Exercise brief | Pick every line out of the entries below that has the string "whole", and copy it.

Records from a collection:
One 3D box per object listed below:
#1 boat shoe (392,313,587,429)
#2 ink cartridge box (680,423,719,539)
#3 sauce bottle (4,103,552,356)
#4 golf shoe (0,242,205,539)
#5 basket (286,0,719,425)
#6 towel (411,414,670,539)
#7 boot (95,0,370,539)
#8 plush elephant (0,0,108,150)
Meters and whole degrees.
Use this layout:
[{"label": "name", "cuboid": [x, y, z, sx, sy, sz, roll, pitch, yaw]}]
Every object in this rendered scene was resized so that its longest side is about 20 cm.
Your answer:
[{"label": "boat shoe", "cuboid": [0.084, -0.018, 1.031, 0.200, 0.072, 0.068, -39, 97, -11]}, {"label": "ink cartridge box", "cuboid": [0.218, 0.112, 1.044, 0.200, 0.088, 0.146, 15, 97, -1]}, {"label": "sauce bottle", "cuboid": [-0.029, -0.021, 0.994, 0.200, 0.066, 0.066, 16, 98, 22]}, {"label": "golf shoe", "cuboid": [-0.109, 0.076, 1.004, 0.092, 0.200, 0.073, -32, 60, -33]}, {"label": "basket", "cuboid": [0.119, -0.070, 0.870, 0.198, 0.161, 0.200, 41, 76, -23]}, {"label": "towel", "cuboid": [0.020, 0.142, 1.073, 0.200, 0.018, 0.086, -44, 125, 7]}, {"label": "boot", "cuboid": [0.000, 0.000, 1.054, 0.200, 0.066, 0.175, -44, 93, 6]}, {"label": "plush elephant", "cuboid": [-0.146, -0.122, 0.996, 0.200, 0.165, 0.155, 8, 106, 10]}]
...
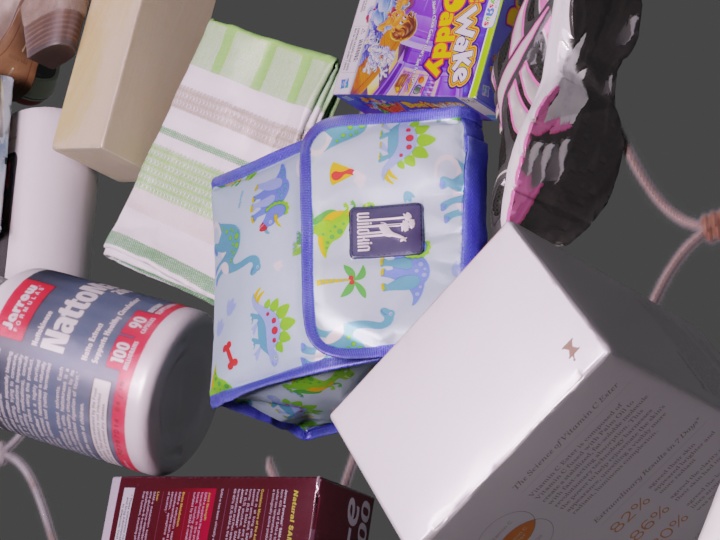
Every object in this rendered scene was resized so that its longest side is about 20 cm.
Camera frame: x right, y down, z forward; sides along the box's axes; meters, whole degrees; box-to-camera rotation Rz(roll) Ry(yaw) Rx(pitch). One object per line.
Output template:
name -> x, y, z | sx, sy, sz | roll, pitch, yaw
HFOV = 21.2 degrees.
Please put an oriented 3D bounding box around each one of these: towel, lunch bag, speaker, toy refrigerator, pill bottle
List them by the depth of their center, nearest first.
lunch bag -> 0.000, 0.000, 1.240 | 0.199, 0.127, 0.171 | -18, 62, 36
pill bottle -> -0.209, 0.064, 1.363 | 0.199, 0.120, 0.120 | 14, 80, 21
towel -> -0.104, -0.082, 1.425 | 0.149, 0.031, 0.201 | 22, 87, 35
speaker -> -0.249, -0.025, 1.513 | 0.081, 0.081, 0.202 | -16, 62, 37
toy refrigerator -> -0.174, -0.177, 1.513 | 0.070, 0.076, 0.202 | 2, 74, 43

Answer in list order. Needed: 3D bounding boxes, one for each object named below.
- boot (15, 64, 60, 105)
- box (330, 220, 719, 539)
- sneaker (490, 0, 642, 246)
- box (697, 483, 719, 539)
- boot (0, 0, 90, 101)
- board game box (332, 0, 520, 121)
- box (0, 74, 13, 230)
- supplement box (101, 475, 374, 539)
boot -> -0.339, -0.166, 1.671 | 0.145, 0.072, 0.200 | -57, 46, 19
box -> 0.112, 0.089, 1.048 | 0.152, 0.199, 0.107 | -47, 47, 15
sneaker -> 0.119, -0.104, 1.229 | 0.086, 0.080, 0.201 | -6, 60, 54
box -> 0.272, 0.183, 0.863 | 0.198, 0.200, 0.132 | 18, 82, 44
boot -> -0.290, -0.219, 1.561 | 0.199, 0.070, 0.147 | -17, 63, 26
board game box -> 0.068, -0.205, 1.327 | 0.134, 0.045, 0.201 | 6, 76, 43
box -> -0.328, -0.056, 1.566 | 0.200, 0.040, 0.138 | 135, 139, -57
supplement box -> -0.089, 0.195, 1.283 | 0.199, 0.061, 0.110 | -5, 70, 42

Problem solution |
Meters and whole degrees.
Camera frame: x right, y down, z forward; sides along the box's axes; meters, whole degrees; box-to-camera rotation Rz(roll) Ry(yaw) Rx(pitch). One object per line.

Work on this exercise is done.